American viewers cannot but be moved by the film's recounting of the September 11 attacks (represented with no images, only chilling 911 calls), as well as the other terrorist attacks that followed it. Likewise, they cannot but squirm watching the first part of the film's graphic sequences, showing CIA operatives torturing detainees at various black sites. The characters, consumed by the desire to find bin Laden, or at least other Al Qaeda targets for American attacks, do what they feel they must. Bigelow and Boal do not see any need to make a moral judgment about the question of enhanced interrogation techniques in the film, or show any of the internal government conflicts over the issue. It does, however, imply that those same torture techniques produced the information that led to finding bin Laden, something that those with access to the details have repeatedly denied.

As Maya, the CIA analyst, Jessica Chastain is Jessica Chastain. As she was in the films where she first came across my radar, The Tree of Life and The Debt, Chastain is intensely beautiful here, and the camera loves her, but this is not to my thinking an award-worthy performance. Chastain may have better chops as a comic actress, as in The Help, but here the weightlessness of her style seems a little, well, light. Part of this is the screenplay's fault, which does not really give us any connection to Maya as a person, just as a loyal, slightly obsessed employee trying to get bin Laden. No one around her is all that noteworthy either: a smart Jennifer Ehle (Contagion) as a CIA colleague, Jason Clarke as Maya's mentor in the torture department, Kyle Chandler as the CIA head in Pakistan, James Gandolfini as the CIA director. (Only Chastain was nominated for an Academy Award, for Best Actress, and she won some of the critics awards, although not the NYFCC, which did name this film Best Picture.) All in all, the critical drooling over the film left me surprised and disappointed: only Tom Long of the Detroit News and one of my perennial favorite writers, David Edelstein at New York Magazine, kept their critical heads on their shoulders on this one.

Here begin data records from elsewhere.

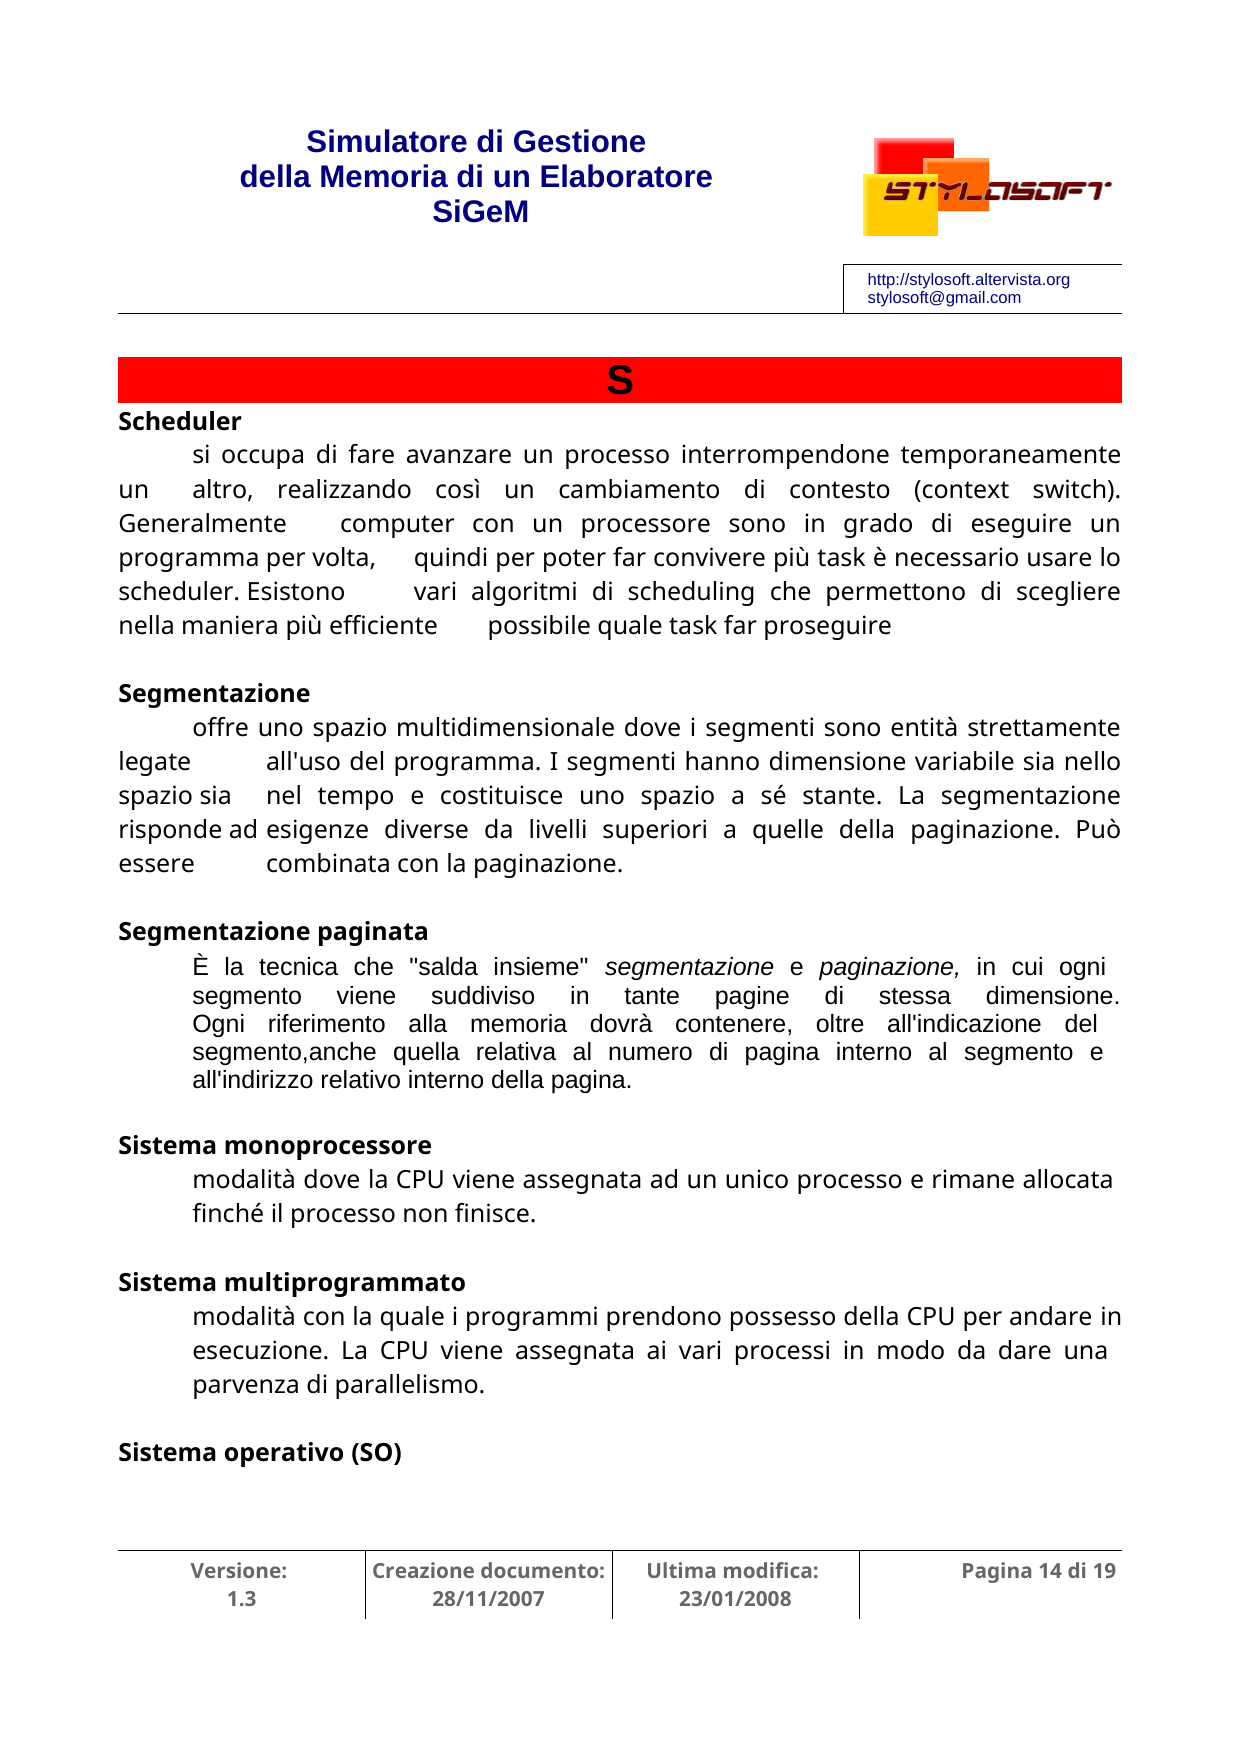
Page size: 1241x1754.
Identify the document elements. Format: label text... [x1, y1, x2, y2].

text Segmentazione paginata [118, 914, 1122, 948]
text Sistema monoprocessore [118, 1128, 1122, 1162]
text Segmentazione [118, 676, 1122, 710]
text È la tecnica che "salda insieme" segmentazione e paginazione, in cui ogni segmento viene suddiviso in tante pagine di stessa dimensione. Ogni riferimento alla memoria dovrà contenere, oltre all'indicazione del segmento,anche quella relativa al numero di pagina interno al segmento e all'indirizzo relativo interno della pagina. [118, 948, 1122, 1094]
text offre uno spazio multidimensionale dove i segmenti sono entità strettamente legate all'uso del programma. I segmenti hanno dimensione variabile sia nello spazio sia nel tempo e costituisce uno spazio a sé stante. La segmentazione risponde ad esigenze diverse da livelli superiori a quelle della paginazione. Può essere combinata con la paginazione. [118, 710, 1122, 880]
text si occupa di fare avanzare un processo interrompendone temporaneamente un altro, realizzando così un cambiamento di contesto (context switch). Generalmente computer con un processore sono in grado di eseguire un programma per volta, quindi per poter far convivere più task è necessario usare lo scheduler. Esistono vari algoritmi di scheduling che permettono di scegliere nella maniera più efficiente possibile quale task far proseguire [118, 437, 1122, 642]
text S [118, 357, 1122, 403]
text Sistema operativo (SO) [118, 1434, 1122, 1468]
text modalità dove la CPU viene assegnata ad un unico processo e rimane allocata finché il processo non finisce. [118, 1162, 1122, 1230]
text Scheduler [118, 403, 1122, 437]
picture [848, 123, 1117, 247]
text modalità con la quale i programmi prendono possesso della CPU per andare in esecuzione. La CPU viene assegnata ai vari processi in modo da dare una parvenza di parallelismo. [118, 1298, 1122, 1400]
text Sistema multiprogrammato [118, 1264, 1122, 1298]
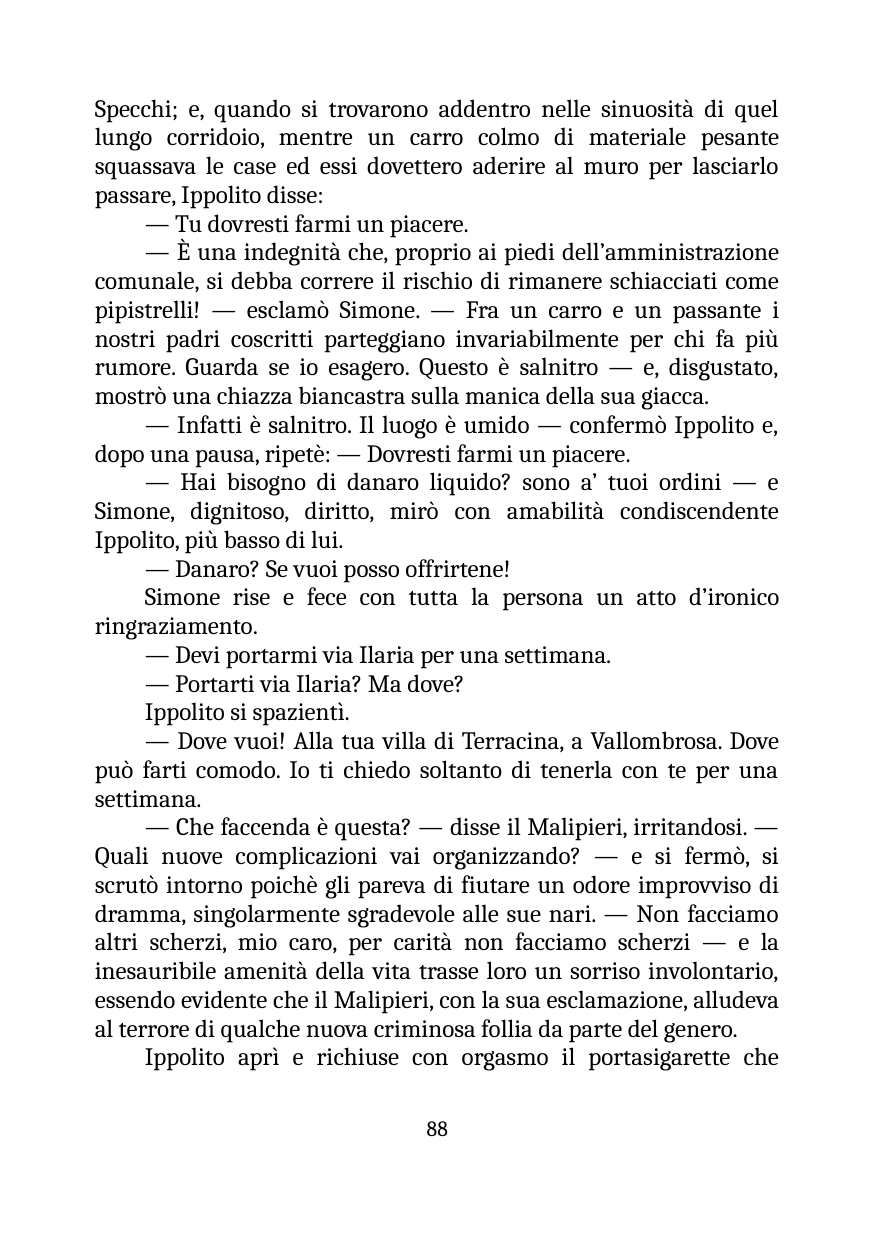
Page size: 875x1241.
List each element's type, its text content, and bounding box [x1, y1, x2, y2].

text — Hai bisogno di danaro liquido? sono a’ tuoi ordini — e Simone, dignitoso, diritto, mirò con amabilità condiscendente Ippolito, più basso di lui. [94, 468, 779, 554]
text — È una indegnità che, proprio ai piedi dell’amministrazione comunale, si debba correre il rischio di rimanere schiacciati come pipistrelli! — esclamò Simone. — Fra un carro e un passante i nostri padri coscritti parteggiano invariabilmente per chi fa più rumore. Guarda se io esagero. Questo è salnitro — e, disgustato, mostrò una chiazza biancastra sulla manica della sua giacca. [94, 238, 779, 411]
text — Che faccenda è questa? — disse il Malipieri, irritandosi. — Quali nuove complicazioni vai organizzando? — e si fermò, si scrutò intorno poichè gli pareva di fiutare un odore improvviso di dramma, singolarmente sgradevole alle sue nari. — Non facciamo altri scherzi, mio caro, per carità non facciamo scherzi — e la inesauribile amenità della vita trasse loro un sorriso involontario, essendo evidente che il Malipieri, con la sua esclamazione, alludeva al terrore di qualche nuova criminosa follia da parte del genero. [94, 813, 779, 1043]
text — Tu dovresti farmi un piacere. [94, 209, 779, 238]
text — Portarti via Ilaria? Ma dove? [94, 669, 779, 698]
text — Devi portarmi via Ilaria per una settimana. [94, 641, 779, 669]
text Ippolito aprì e richiuse con orgasmo il portasigarette che [94, 1043, 779, 1072]
text — Danaro? Se vuoi posso offrirtene! [94, 554, 779, 583]
text — Dove vuoi! Alla tua villa di Terracina, a Vallombrosa. Dove può farti comodo. Io ti chiedo soltanto di tenerla con te per una settimana. [94, 727, 779, 813]
text — Infatti è salnitro. Il luogo è umido — confermò Ippolito e, dopo una pausa, ripetè: — Dovresti farmi un piacere. [94, 411, 779, 468]
text Specchi; e, quando si trovarono addentro nelle sinuosità di quel lungo corridoio, mentre un carro colmo di materiale pesante squassava le case ed essi dovettero aderire al muro per lasciarlo passare, Ippolito disse: [94, 94, 779, 209]
text Simone rise e fece con tutta la persona un atto d’ironico ringraziamento. [94, 583, 779, 641]
text Ippolito si spazientì. [94, 698, 779, 727]
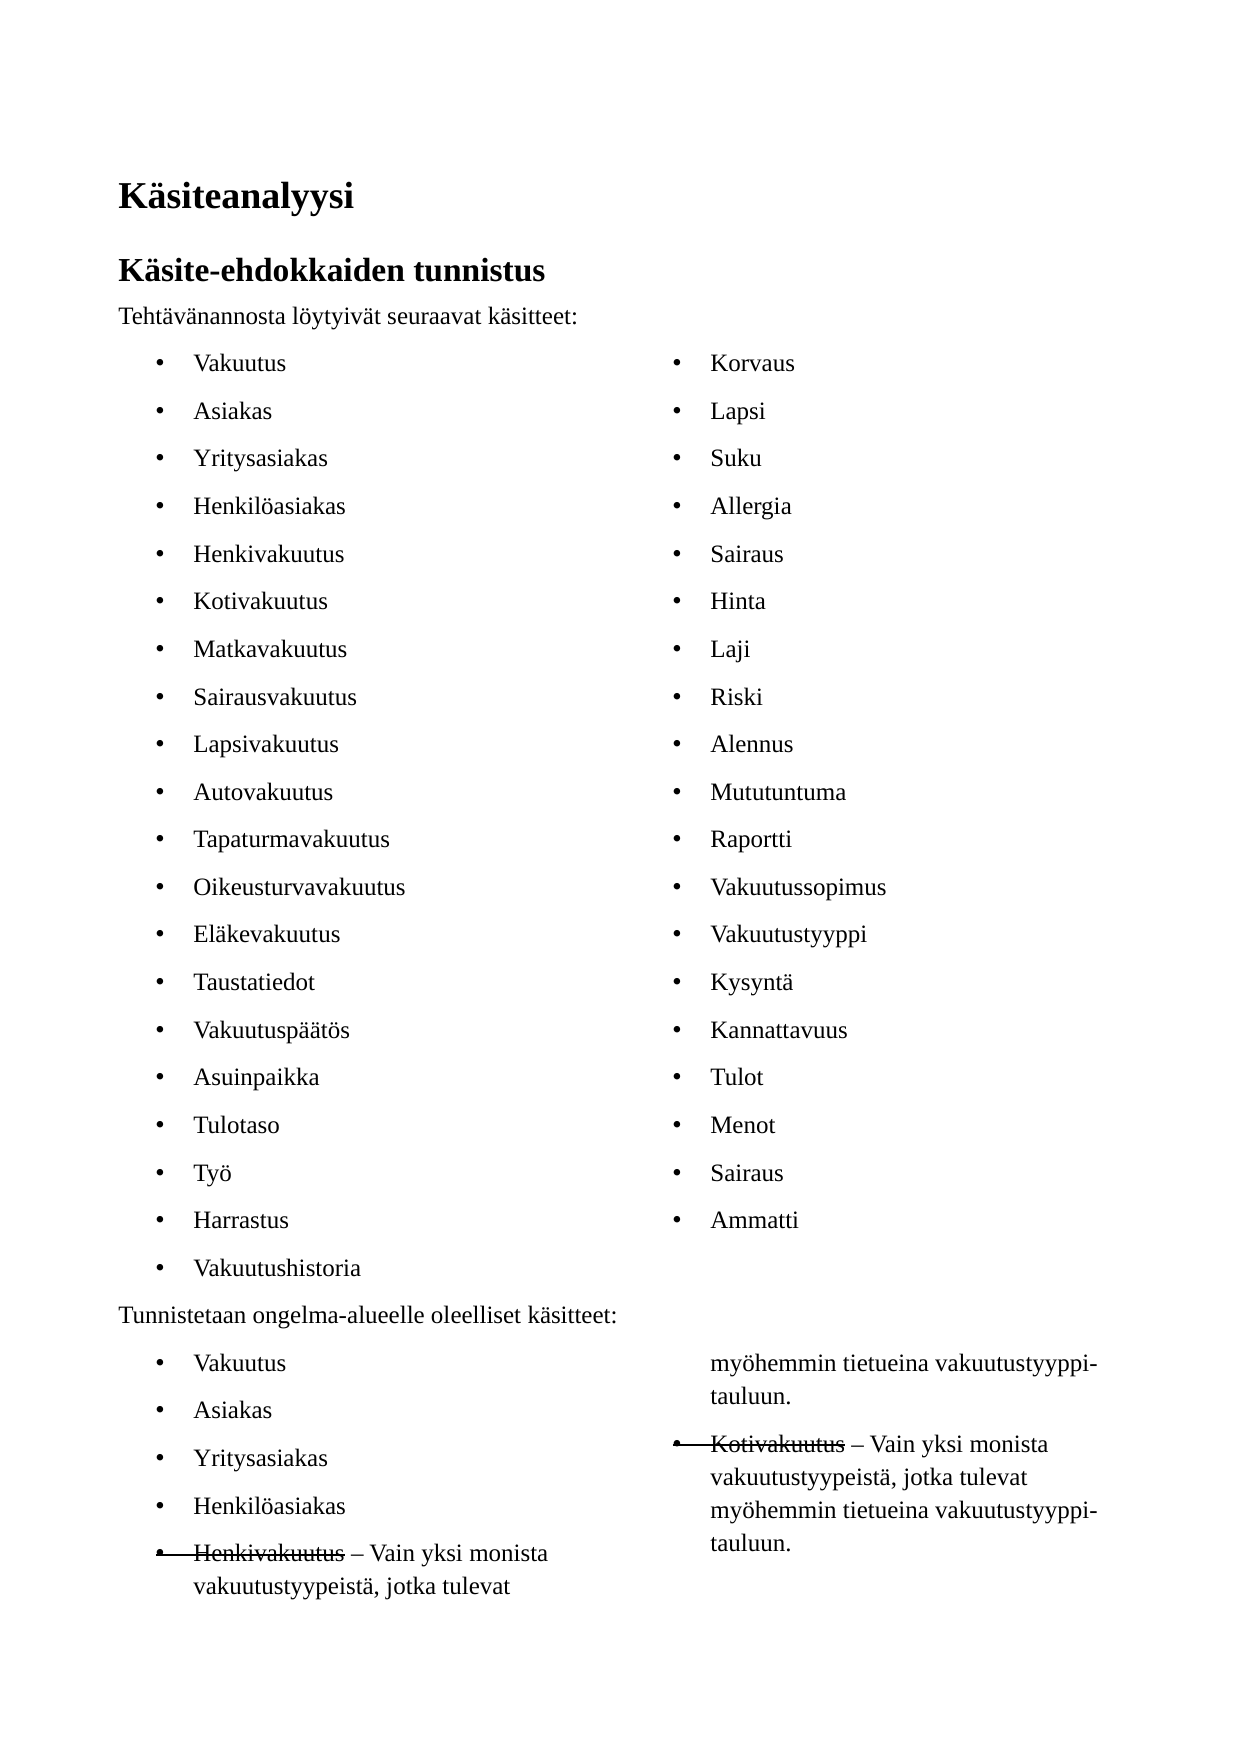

Alexandre Desplat composed the scores for both of these movies, but neither one is particularly distinguished. In fact, they are quite like each other, although the score for Argo, for which Desplat received an Academy Award nomination, has more exotic augmented seconds in it.

2 comments:

marja-leena said...

Interesting reviews, as always, thanks!

Regarding the film "Argo" (which I've not yet seen) you may be interested in what Ken Taylor, the Canadian ambassador who saved the Americans, has to say about inaccuracies and the unfair portrayal of Iranian people. Rather typical of Hollywood, I'd say.

http://www.canada.com/entertainment/Taylor+says+documentary+provide+more+balanced+picture+Argo+hostage+crisis/7970440/story.html

Charles T. Downey said...

Many thanks, Marja-Leena! Excellent link, much appreciated.